La liberté de Sade n’étant d’ailleurs accessible qu’aux riches (de telles débauches ne peuvent se soutenir que lorsqu’on vit dans un certain confort), on peut voir le problème que présentent ses œuvres aux penseurs de la Révolution. Ces maîtres libertins sont tous des aristocrates agissant comme des seigneurs féodaux. On s’approche ici du grand paradoxe de Sade, la question de sa sincérité. Car après tout, bien qu’ils se justifient par de longs discours, ses personnages sont bien monstrueux. Il plane toujours la question insoluble de savoir si Sade cherche vraiment à convaincre son lectorat du bien-fondé de la philosophie qu’il expose, ou s’il la pousse à l’extrême pour en exposer les failles et se mettre en valeur. Comparées à celles de ses personnages, ses propres actions ne sont, nous l’avons vu, « pas si graves ».

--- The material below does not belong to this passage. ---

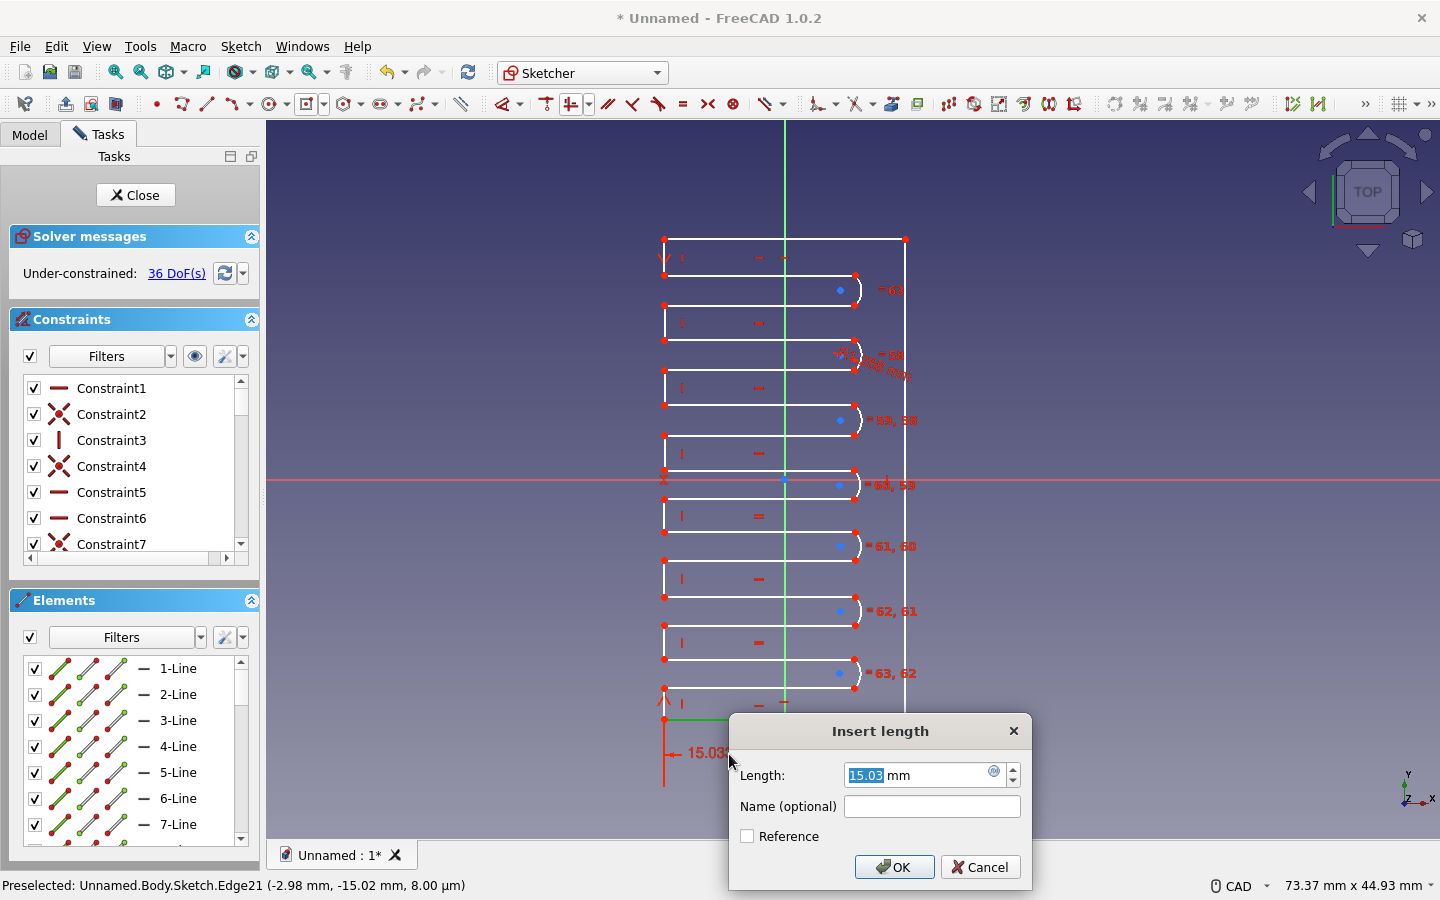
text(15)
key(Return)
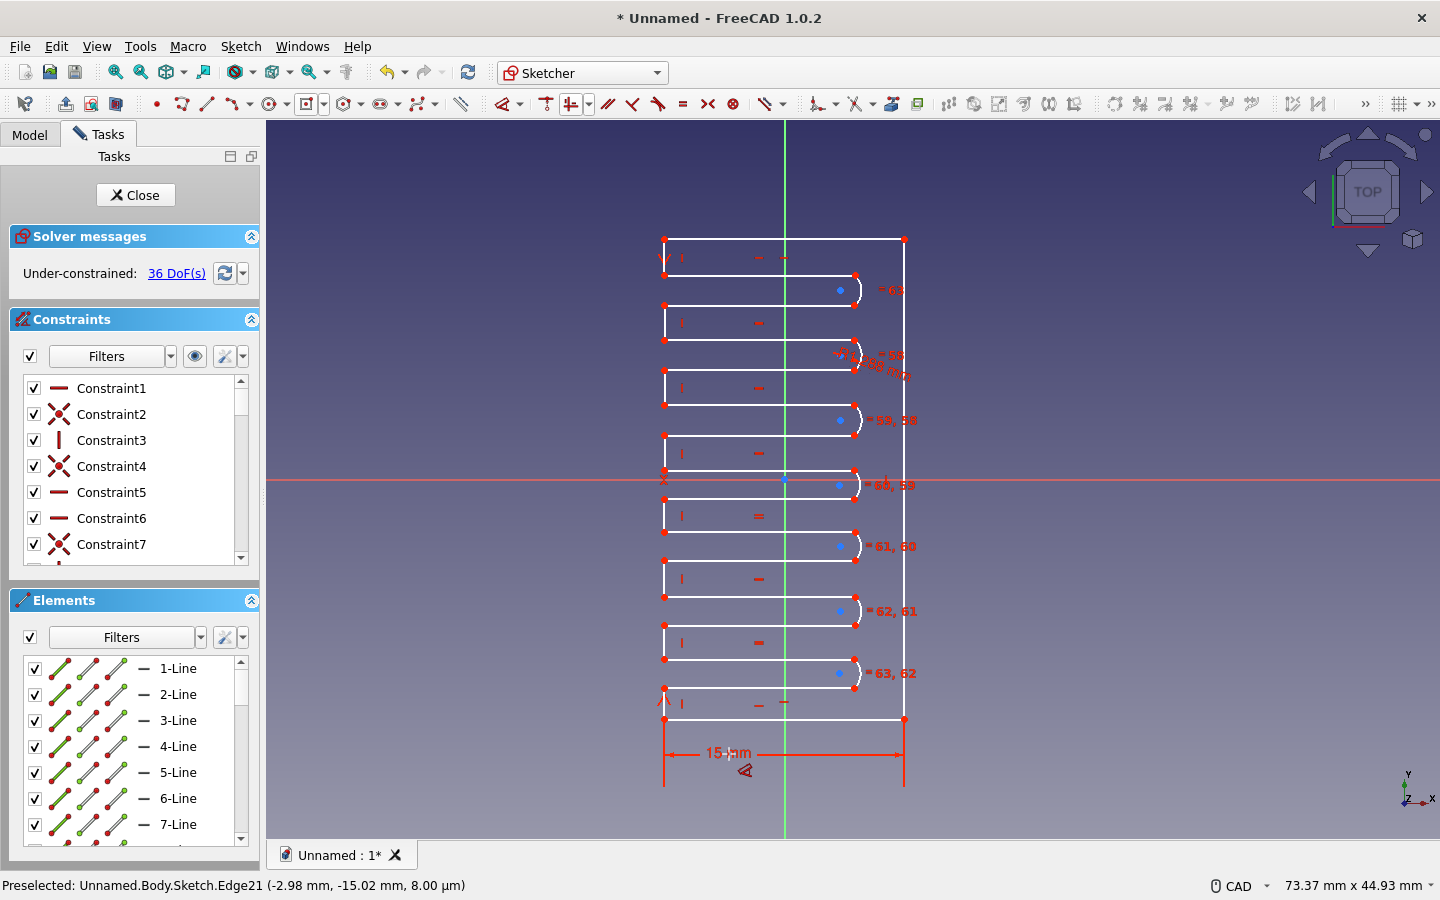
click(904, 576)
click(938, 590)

Car Sade fait de sa classe une succession de monstres, très clairement présentés comme criminels (surtout dans les Cent Vingt Journées de Sodome). Ses aristocrates sont des portraits d’êtres infâmes, et méritent d’être étudiés dans le contexte des calomnies vulgaires et pornographiques dont était victime à l’époque Marie-Antoinette. Si l’Ancien Régime abritait en effet de telles créatures, la Révolution se justifierait sans peine. Les œuvres de Sade pourraient donc servir de propagande révolutionnaire. Mais la philosophie de ses personnages est celle qui justifie ses propres actions ; il est impossible de dissocier la vie de Sade de sa philosophie.

Sa révolution à lui n’est donc pas la Révolution à laquelle il s’assimile pour sauver sa vie ; sa définition du républicanisme contenu dans Français, encore un effort si vous voulez être républicains n’est pas celle de la Révolution. Tout comme ses aristocrates sont la version extrême des roués de l’Ancien Régime et condamnent ce dernier, Français, encore un effort pousse la logique républicaine jusqu’au bout, où elle devient, pour la morale ordinaire, insupportable. Sade met autant au pilori les logiques monarchiste que révolutionnaire. Il satirise d’ailleurs les aristocrates révolutionnaires comme lui : les débauchés dans leur boudoir feront sortir Augustin au jardin avant de lire le pamphlet de Sade. Bien que la philosophie de liberté totale de Sade sous-entend l’égalité parfaite des hommes (pas des femmes, nous y viendrons), les classes sociales ne disparaissent jamais dans son œuvre – autre paradoxe de Sade. Dans ce cas, il faut admettre qu’il est probable que Sade n’y ait simplement jamais pensé.

Le paradoxe de cet aristocrate révolutionnaire se résout peut-être par la réalisation qu’aucun de ces deux systèmes n’offraient à Sade la liberté morale qu’il envisageait ; les deux réprouvaient autant l’un que l’autre ses pratiques sexuelles. C’est peut-être pour cela qu’il pouvait passer si facilement d’un monde à l’autre.